Some of the biggest deals involved cloud applications that could be sold to enterprises, specifically Oracle Corporation (NASDAQ:ORCL)‘s purchase of Taleo and International Business Machines Corp. (NYSE:IBM)‘s purchase of Kenexa.

Obviously there remains a big appetite for cloud applications. So who might be the next to go?

Workday Inc (NYSE:WDAY)Workday Inc (NYSE:WDAY)

Workday only went public a few months ago, and has gained just 7% from its first trade, and is presently trading at near $51/share, a market cap of $8.5 billion.

Workday produces what it calls “human capital management” software, so it’s competitive with both Taleo and Kenexa. Institutions own just 13% so it is highly vulnerable to an unfriendly bid. It has reported sales going back a year, demonstrating impressive quarter-to-quarter growth, but the current stock price is still 50 times those revenues. (As to profits, you really don’t want to see them in such a fast-growing company, but margins are approaching break-even.)

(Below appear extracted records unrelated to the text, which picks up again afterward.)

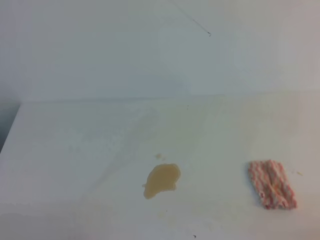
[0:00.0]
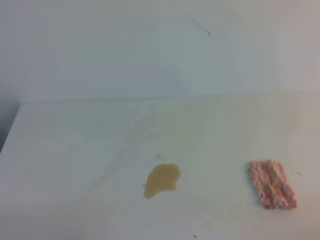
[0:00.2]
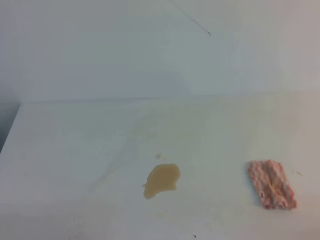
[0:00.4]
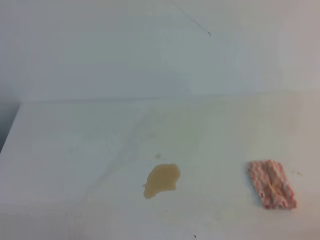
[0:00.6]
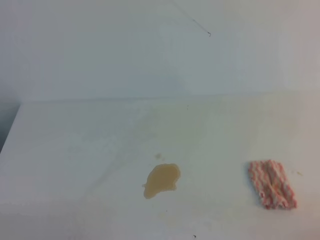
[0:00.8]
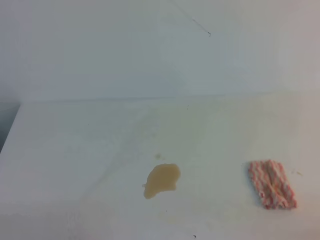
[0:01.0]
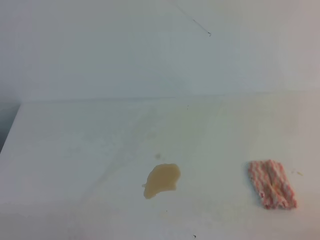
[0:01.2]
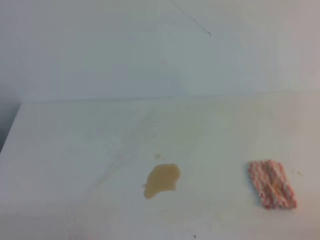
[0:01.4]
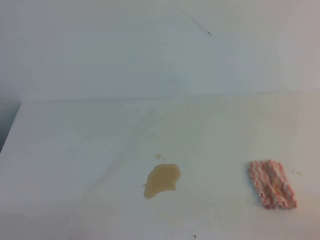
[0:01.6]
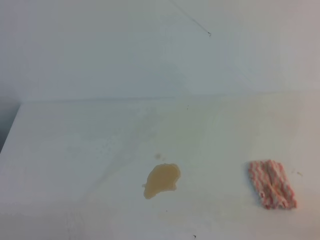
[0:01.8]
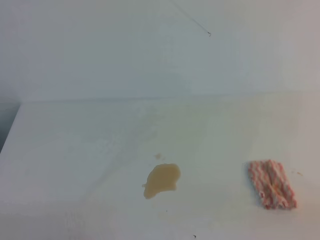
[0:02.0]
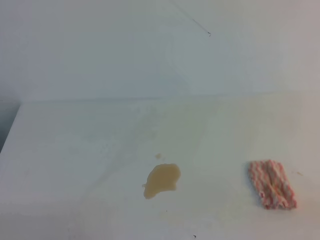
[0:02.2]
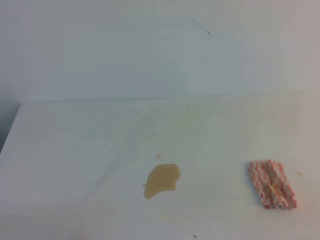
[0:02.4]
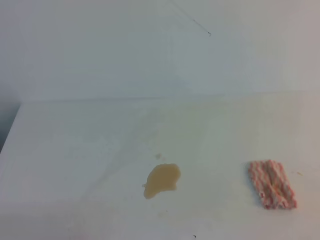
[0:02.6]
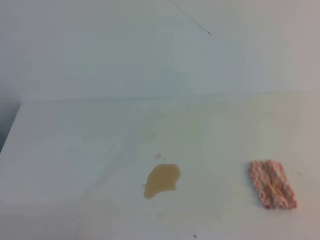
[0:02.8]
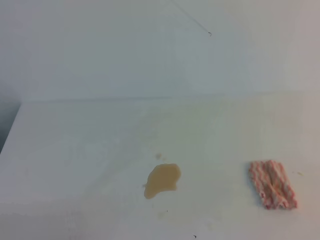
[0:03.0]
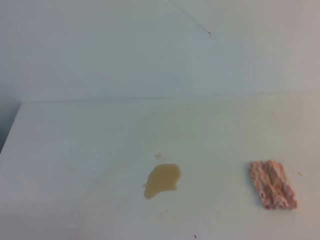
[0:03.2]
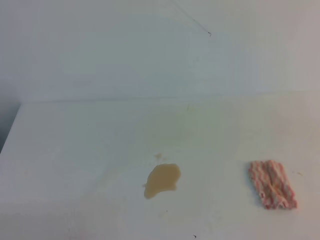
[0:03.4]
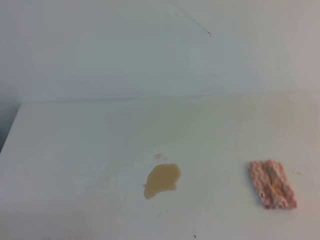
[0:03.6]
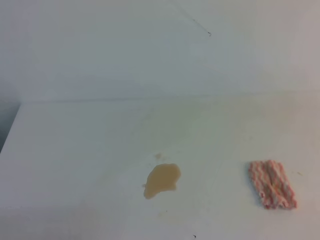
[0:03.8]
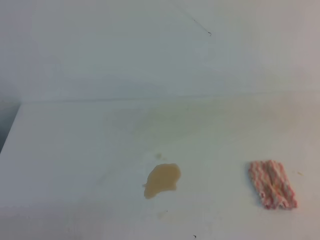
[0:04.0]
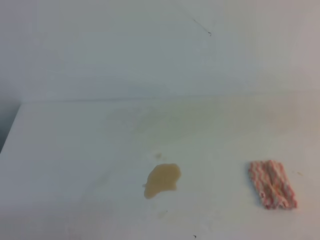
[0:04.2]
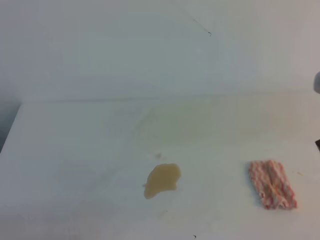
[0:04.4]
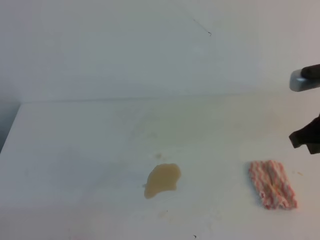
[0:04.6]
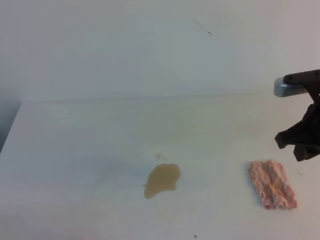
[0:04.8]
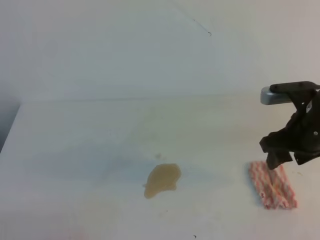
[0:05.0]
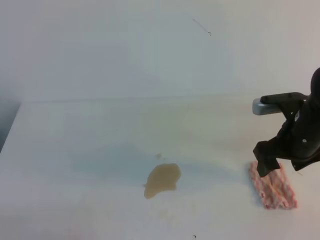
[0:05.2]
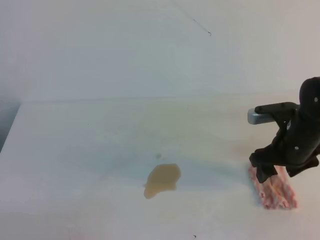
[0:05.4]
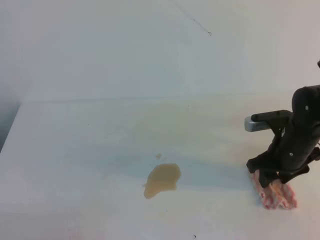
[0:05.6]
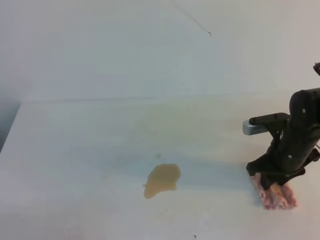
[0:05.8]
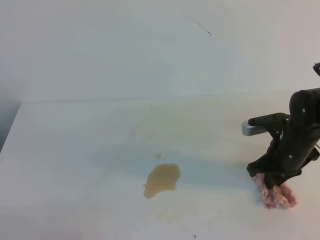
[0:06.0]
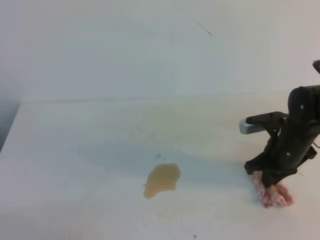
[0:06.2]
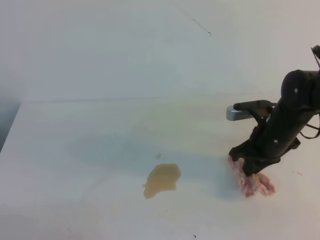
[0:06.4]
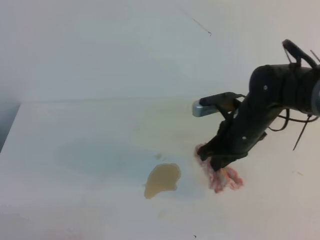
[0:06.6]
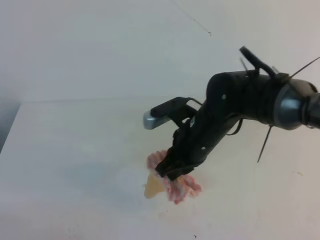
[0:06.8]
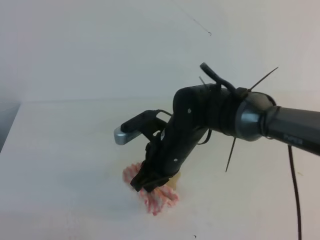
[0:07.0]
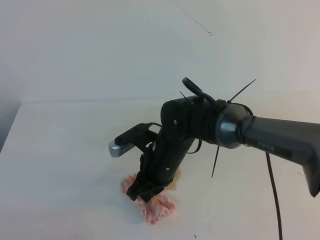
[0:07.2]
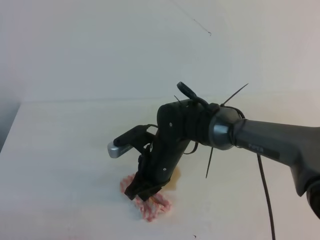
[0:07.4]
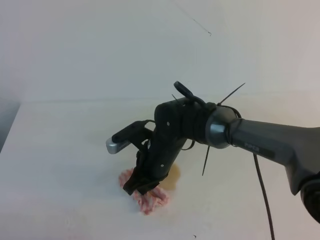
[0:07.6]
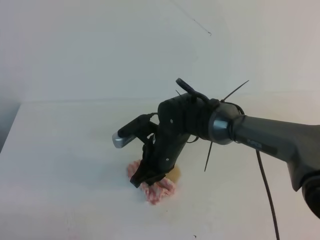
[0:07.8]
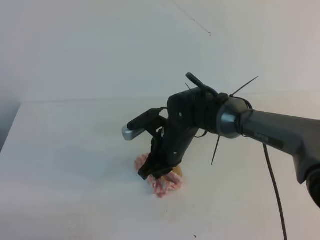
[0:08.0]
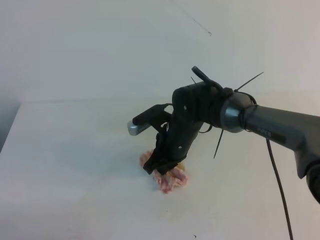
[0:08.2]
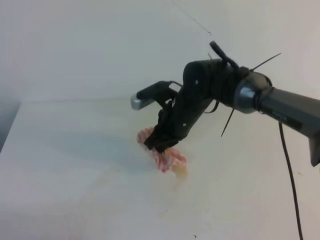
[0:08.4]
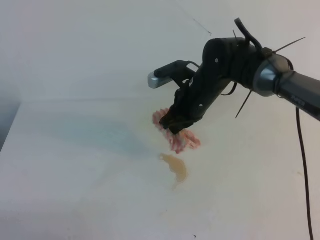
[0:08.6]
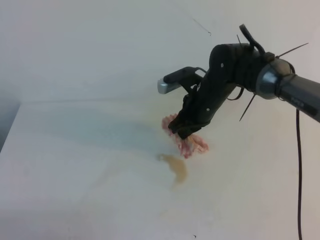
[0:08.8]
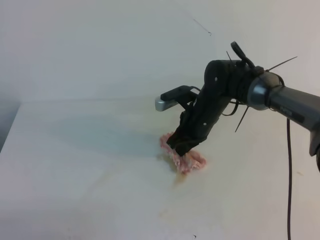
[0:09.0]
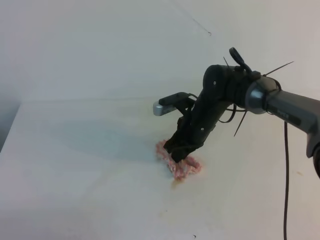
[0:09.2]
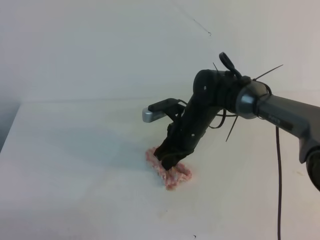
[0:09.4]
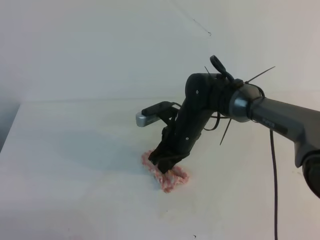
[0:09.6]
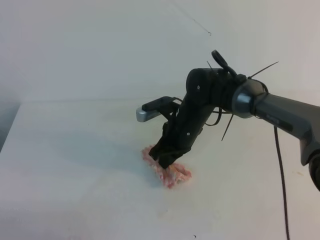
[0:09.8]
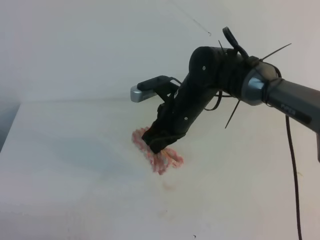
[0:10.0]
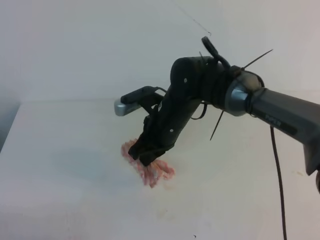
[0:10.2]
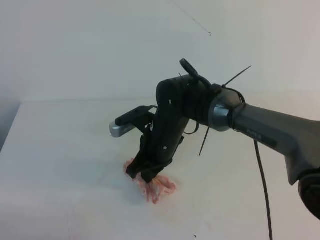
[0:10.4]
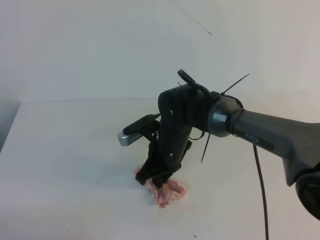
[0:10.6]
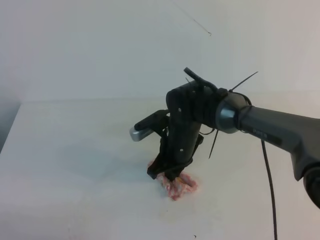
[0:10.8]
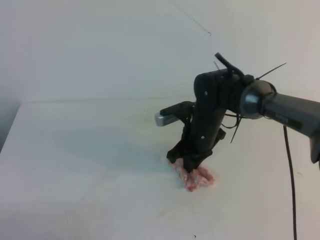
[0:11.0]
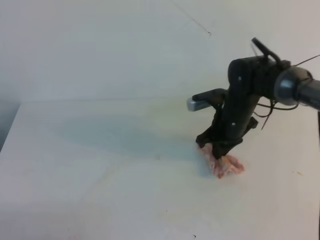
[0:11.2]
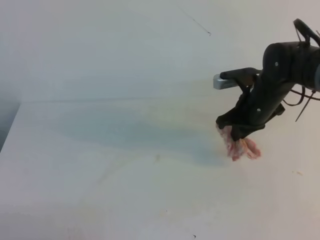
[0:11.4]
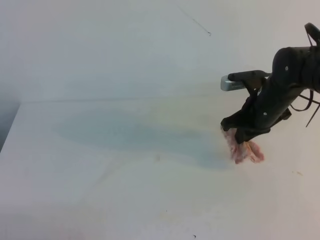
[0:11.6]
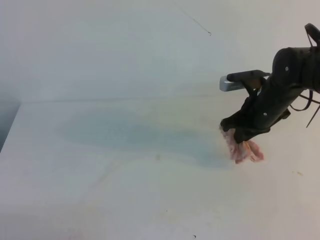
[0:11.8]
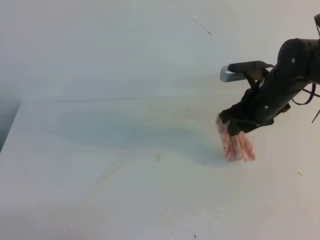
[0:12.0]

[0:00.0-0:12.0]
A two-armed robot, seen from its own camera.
0:00.0 to 0:01.6: The two grippers keep their place.
0:04.4 to 0:06.0: The right gripper heads downward and forward, covering approximately 20 cm, and opens, then closes once more.
0:06.0 to 0:07.6: The right gripper goes roughly 25 cm to the left.
0:07.6 to 0:09.0: The right gripper travels forward and to the right by roughly 10 cm.
0:09.0 to 0:10.4: The right gripper heads to the left and backward, covering about 10 cm.
0:10.4 to 0:12.0: The right gripper moves to the right, approximately 20 cm, and opens up.

Workday’s architecture stack is based on transaction processing, not data analysis, so it’s very fast. The key value store is kept in mySQL, an open source database now owned by Oracle, and Inno/DB – both are under the General Public License. The company’s technology goal is to speed up handling even further by putting all client data on chips, rather than on disk.

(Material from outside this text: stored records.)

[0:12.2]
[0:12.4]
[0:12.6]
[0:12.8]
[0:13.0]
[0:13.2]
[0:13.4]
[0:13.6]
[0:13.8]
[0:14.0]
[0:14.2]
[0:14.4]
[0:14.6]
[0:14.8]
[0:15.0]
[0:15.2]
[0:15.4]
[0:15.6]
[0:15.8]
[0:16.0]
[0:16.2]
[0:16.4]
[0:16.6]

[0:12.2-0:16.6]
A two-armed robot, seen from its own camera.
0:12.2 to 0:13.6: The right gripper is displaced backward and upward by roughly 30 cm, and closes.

Who might be a buyer? SAP AG (ADR) (NYSE:SAP) might be a buyer. The Workday architecture uses approaches SAP itself was considering just a few years ago.

Tibco Software Inc. (NASDAQ:TIBX)

Tibco predates cloud in the industry, so its latest software is an evolution from older, enterprise approaches. That’s actually a good thing, because it makes the company a better fit with existing enterprise players that want to give their customers a glide path into cloud.

The company’s market cap is $3.67 billion, and it actually has earnings. Holders of the stock are paying less than four times the annual revenues for the company, based on last year’s number of $1.02 billion in sales. Since 2009, those sales have doubled, while profit margins have been on a steady uptick.

Tibco is in the data analysis space, middleware that enables the creation of applications in a variety of areas. Its most recent acquisition, in 2010, was LoyaltyLabs, which works in the marketing space. But since it’s a platform, it’s applicable across industry groups.

Who might be a buyer? Dell Inc. (NASDAQ:DELL) might be the best fit here, but that’s not going to happen given that all the company’s efforts are currently focused on going private. I’d look more toward SAP again, or perhaps Oracle.


Ebix is a company I’ve owned a piece of for some months, and its performance as an investment has not mirrored its success as a company, especially since a Nov. 5 Bloomberg article that said the SEC is investigating its accounting practices.

Ebix provides provides software for insurers, allowing them to create online marketplaces for their products. It has been pushing heavily into health insurance, making a number of acquisitions in that space during 2012.

Copperfield Research has been on the warpath against Ebix, claiming its accounting controls are inadequate and questioning the company’s denial of any SEC action against them.